Segment Start: Excerpted data

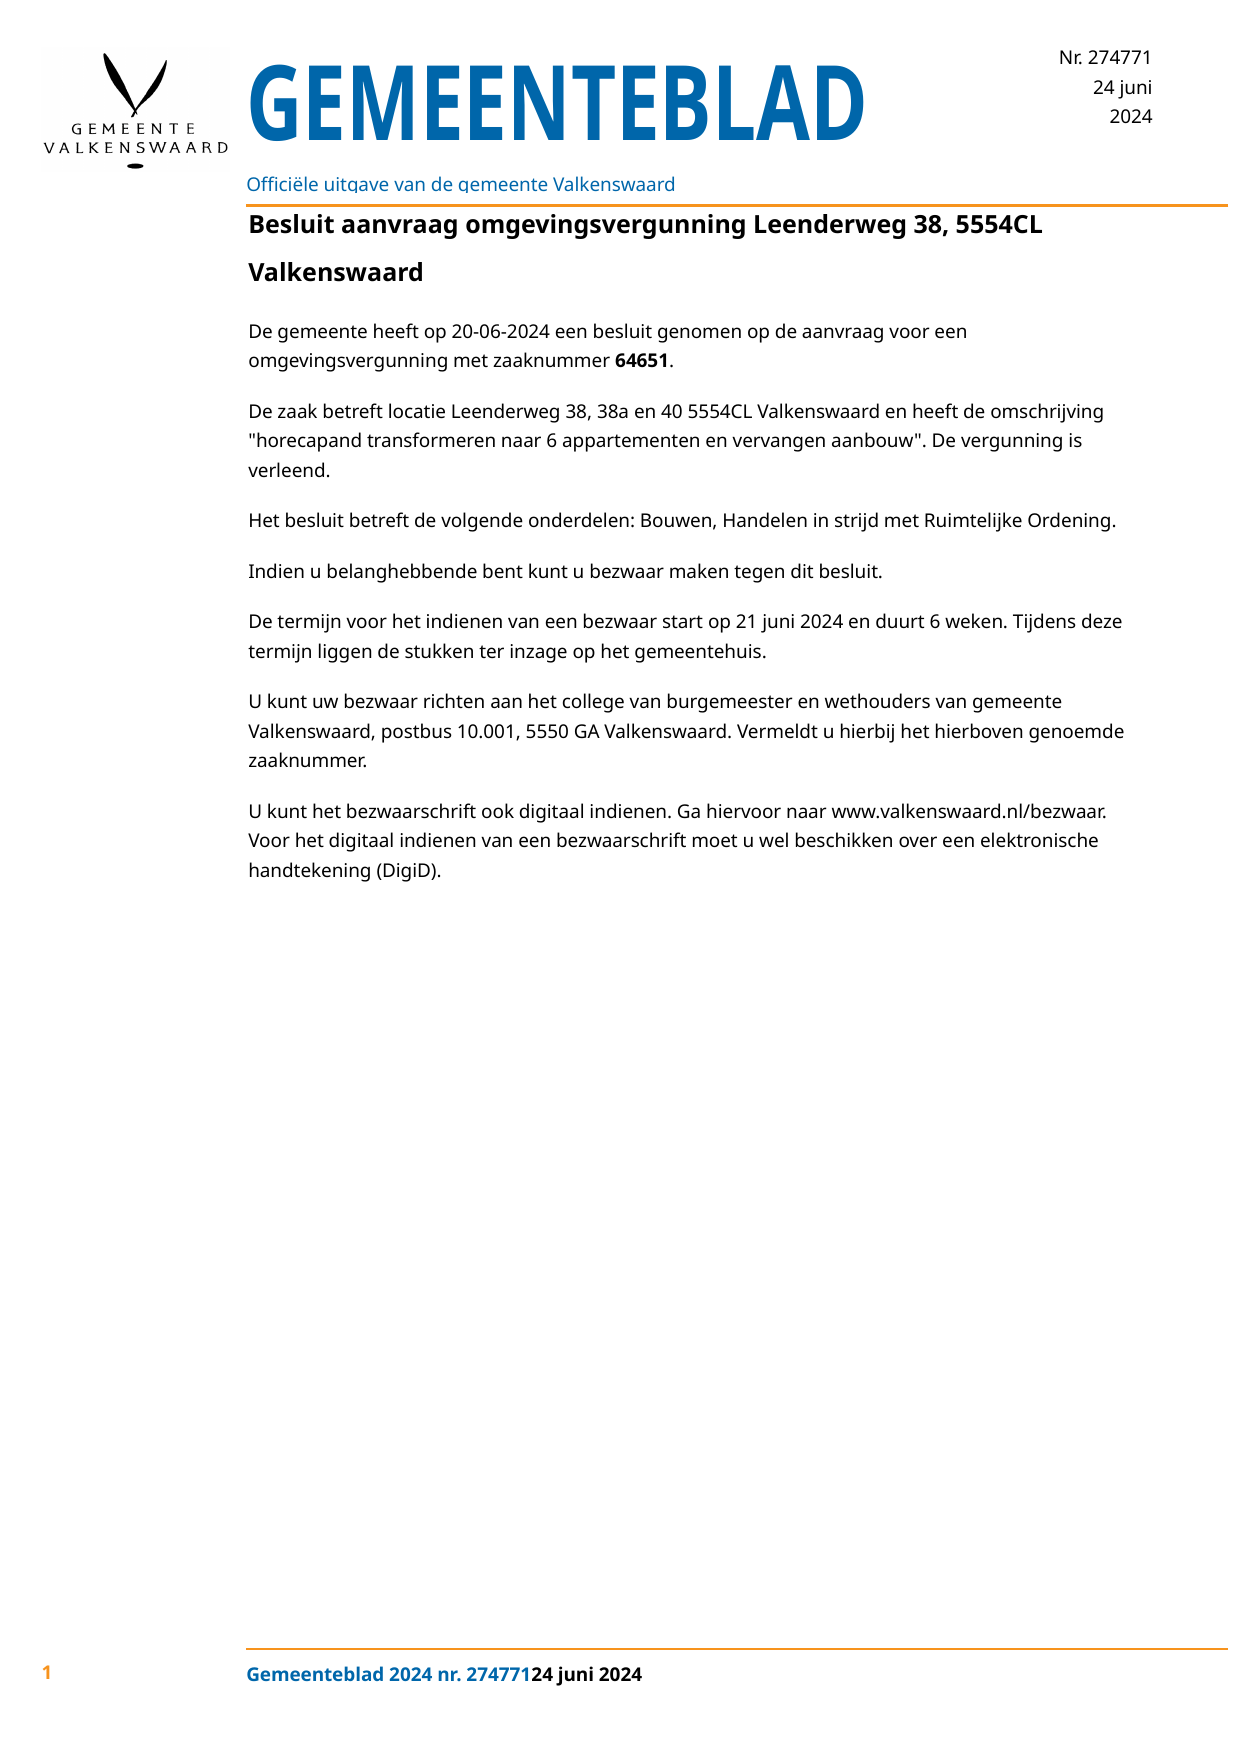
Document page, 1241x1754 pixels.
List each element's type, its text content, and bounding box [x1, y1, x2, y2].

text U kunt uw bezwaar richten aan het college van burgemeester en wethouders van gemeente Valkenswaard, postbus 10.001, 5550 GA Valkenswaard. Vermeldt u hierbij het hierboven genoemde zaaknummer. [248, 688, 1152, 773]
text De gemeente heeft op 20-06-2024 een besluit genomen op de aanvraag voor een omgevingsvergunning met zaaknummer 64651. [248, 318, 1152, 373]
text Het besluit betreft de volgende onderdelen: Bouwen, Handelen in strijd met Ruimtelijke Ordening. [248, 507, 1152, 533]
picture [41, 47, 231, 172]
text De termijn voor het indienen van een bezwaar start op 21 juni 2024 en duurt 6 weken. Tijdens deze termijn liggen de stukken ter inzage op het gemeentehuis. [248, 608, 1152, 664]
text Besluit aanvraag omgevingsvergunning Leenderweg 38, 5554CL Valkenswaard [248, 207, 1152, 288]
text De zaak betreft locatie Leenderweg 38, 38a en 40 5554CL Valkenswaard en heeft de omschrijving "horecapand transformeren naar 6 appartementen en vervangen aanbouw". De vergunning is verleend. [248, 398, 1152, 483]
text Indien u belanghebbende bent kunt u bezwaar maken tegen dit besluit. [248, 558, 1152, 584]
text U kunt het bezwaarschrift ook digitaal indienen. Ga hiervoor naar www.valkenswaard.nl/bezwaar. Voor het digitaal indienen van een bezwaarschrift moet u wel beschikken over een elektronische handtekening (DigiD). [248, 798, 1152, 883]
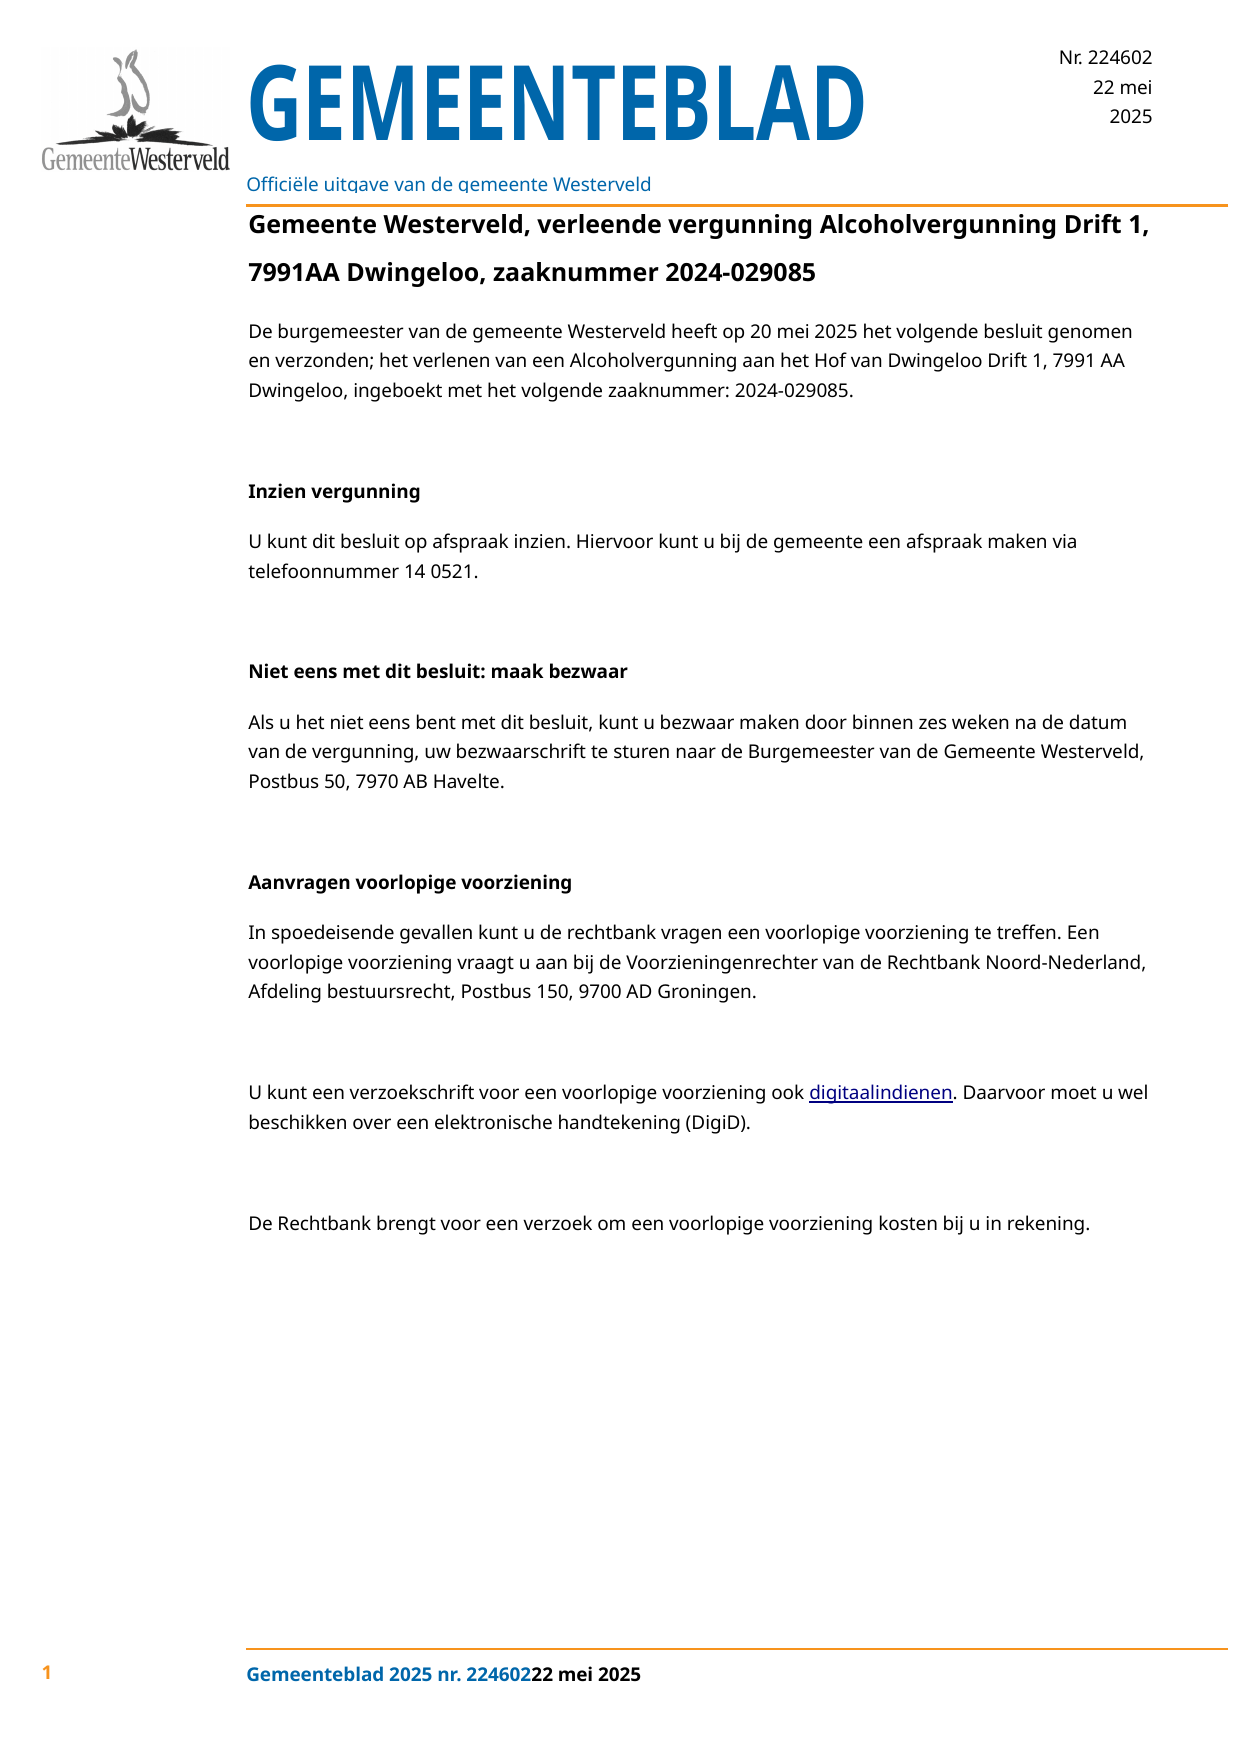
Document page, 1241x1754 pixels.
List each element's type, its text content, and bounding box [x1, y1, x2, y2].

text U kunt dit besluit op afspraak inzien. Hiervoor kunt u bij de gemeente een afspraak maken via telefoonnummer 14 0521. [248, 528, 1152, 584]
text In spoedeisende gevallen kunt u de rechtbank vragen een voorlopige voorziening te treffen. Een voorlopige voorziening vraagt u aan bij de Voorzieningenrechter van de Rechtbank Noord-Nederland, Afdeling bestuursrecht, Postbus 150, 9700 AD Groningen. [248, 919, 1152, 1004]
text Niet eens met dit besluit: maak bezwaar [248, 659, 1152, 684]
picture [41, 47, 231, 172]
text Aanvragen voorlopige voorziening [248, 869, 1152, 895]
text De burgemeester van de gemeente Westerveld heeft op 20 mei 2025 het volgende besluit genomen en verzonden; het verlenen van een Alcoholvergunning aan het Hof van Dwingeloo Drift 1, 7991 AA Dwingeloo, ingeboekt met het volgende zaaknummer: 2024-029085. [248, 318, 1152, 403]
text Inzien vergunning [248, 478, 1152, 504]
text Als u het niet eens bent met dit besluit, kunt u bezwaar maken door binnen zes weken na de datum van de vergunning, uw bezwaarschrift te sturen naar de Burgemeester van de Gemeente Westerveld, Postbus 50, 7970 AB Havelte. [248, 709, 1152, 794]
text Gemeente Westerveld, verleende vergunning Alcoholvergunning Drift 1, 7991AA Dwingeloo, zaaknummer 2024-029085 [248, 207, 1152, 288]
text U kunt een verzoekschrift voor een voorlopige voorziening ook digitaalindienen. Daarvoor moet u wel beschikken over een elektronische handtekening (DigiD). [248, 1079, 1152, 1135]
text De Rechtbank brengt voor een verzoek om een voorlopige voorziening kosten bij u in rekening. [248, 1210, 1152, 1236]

Segment End: Excerpted data

§ **Prompt**
Your answer should consist of each line of the data above in which the word "Leenderweg" occurs.

§ **Response to this task**
text Besluit aanvraag omgevingsvergunning Leenderweg 38, 5554CL Valkenswaard [248, 207, 1152, 288]
text De zaak betreft locatie Leenderweg 38, 38a en 40 5554CL Valkenswaard en heeft de omschrijving "horecapand transformeren naar 6 appartementen en vervangen aanbouw". De vergunning is verleend. [248, 398, 1152, 483]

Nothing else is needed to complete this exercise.